Despite CableVision’s assertion (and earlier, Nike’s, Victory Records’, HarperCollins’, and so many others) that these things just don’t matter anymore, a small group of us still believes that they do.
But our voices are being drowned out by our peers in the supposedly independent media. Not just by Sonic Youth guitarist Thurston Moore, who glibly calls Starbucks “the new record store,” but by music journalists like the Chicago Reader’s Miles Raymer, who recently argued in a piece called “In Praise of Selling Out” that the music industry’s decline can be “rescued by corporations that make everything but music.” Even if, as he acknowledges, salvation means a venue containing “no possible sight line that [doesn’t] intersect a poster, placard, or video screen carrying one or more sponsors’ logos.”

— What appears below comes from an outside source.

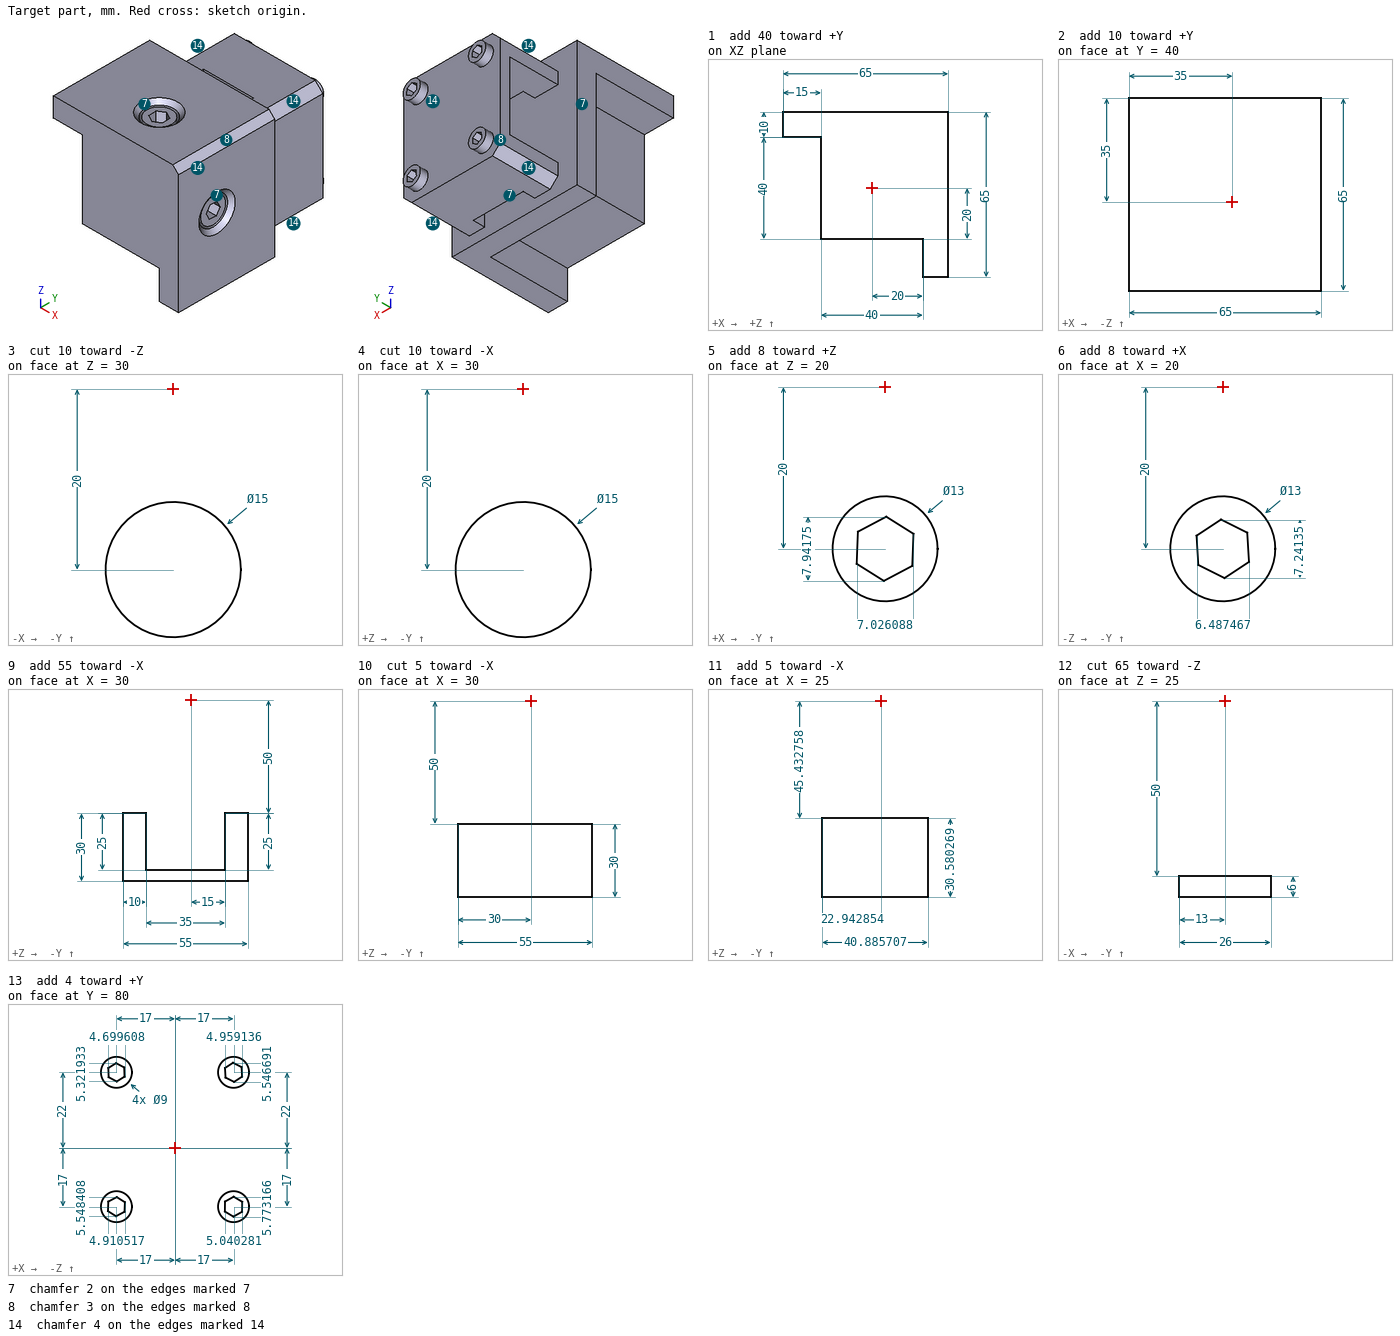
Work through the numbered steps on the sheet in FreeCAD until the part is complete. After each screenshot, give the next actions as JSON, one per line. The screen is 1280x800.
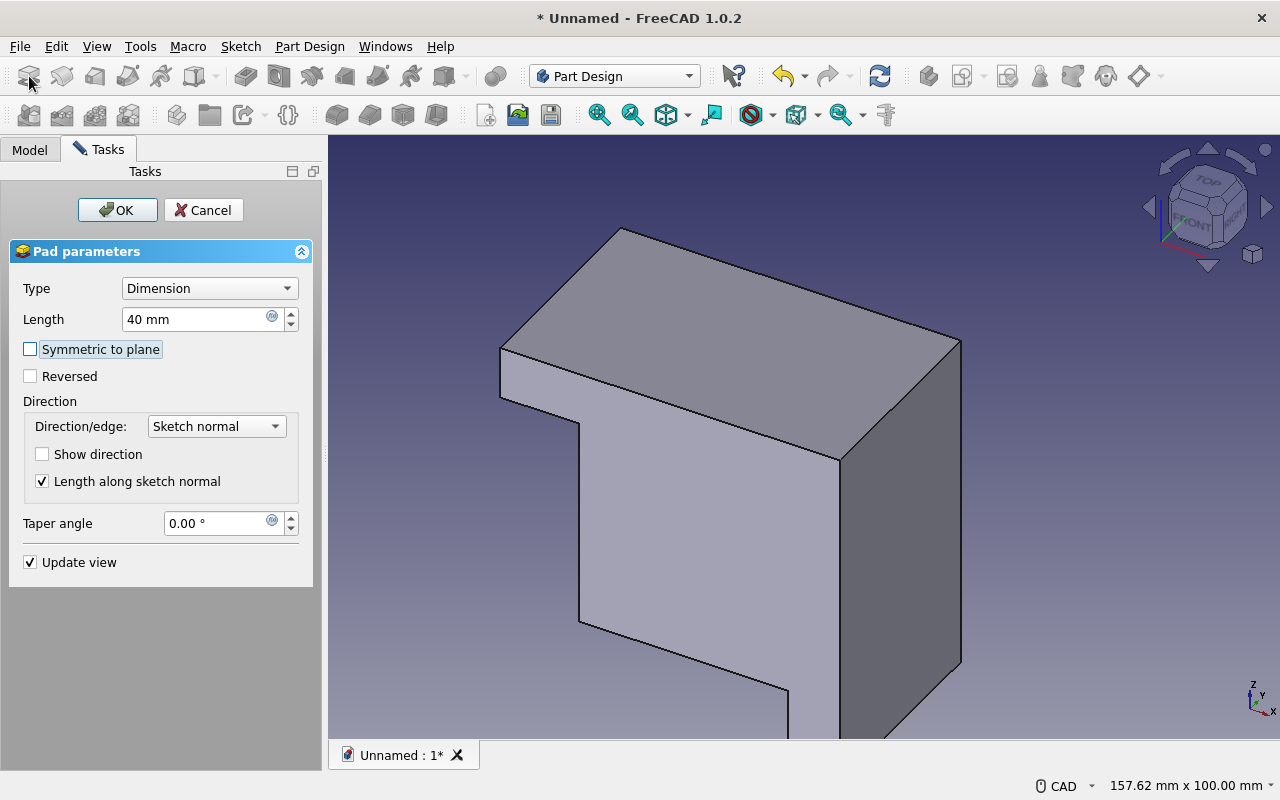
{"action": "left_click", "coordinate": [31, 376]}

Utne Reader, itself recently sold to Ogden Publications, takes a stab at more thoughtful criticism, postulating that the naked consumerism of bands who opt in may overshadow their musical accomplishments. “While bands stand to profit from advertising’s exposure in the short term, will their openness to corporate patronage eventually leave them an unwanted legacy of being ‘the band that made that song from that car ad’?” Eric Kelsey asked in a July 5 story. Yet his query supposes a future where marketing and culture are not merged, and a past, perhaps foggily remembered, where such things mattered.
Now history is being rewritten. “Punk rockers are supposed to be especially hostile to the Man, but music consumers in the 15 to 24 demographic grew up watching punk, emo, and metalcore bands on the Vans Warped Tour, Rockstar Energy Drink’s Taste of Chaos tour, and the Honda Civic Tour,” Raymer writes. He ignores the debates that took place surrounding each of these sponsored tours, and blinds himself to the one that started it all: Jones Soda, now available in a Starbucks near you. Fully designed at its mid-‘90’s creation to “co-opt” the “counterculture” – as well as shuttle in egregious new marketing ploys like Proctor and Gambles’ youth word-of-mouth marketing program “Tremor” – Jones Soda brought product placement to those who hated products, through innovations like skateboard tour sponsorships and punk-rock venue vending machines. It marked the shift from the age of “selling out” to the age of “opting in.”
Unfortunately, the spaces devoted to drawing that line – reminding us that corporate sponsorship is an option we can refuse–have themselves succumbed to the times.Punk Planet is only one of many venues for corporate criticism no longer available, and although it may have been the last canary in this particular coal mine, it was still a canary. If Raymer is right, and the worst that bands have to fear is that they will be remembered as ad fodder instead of artists, at least they will be remembered. And the last vestiges of independent cultural production will wither and die.
“Old-timey indie ideals,” Raymer calls this line of criticism, and he’s right. I remember when it was common for kids to think of something, tape it or write it down or paste it up, and put it out into the world without having to go though a profit-minded distributor, music label or ISP. I remember when I could refuse to consent to demands made by big media and still have a place to work the next day. I remember autonomous cultural production done for the sake of promoting ideas and not achieving fame or fortune, and independent publishing devoted to engaged and critical journalism. And I remember when I could find music that didn’t put money into the pockets of the corporate giant that shut down the coffeeshop where I used to paste up my zines. I remember democracy. Those were the days.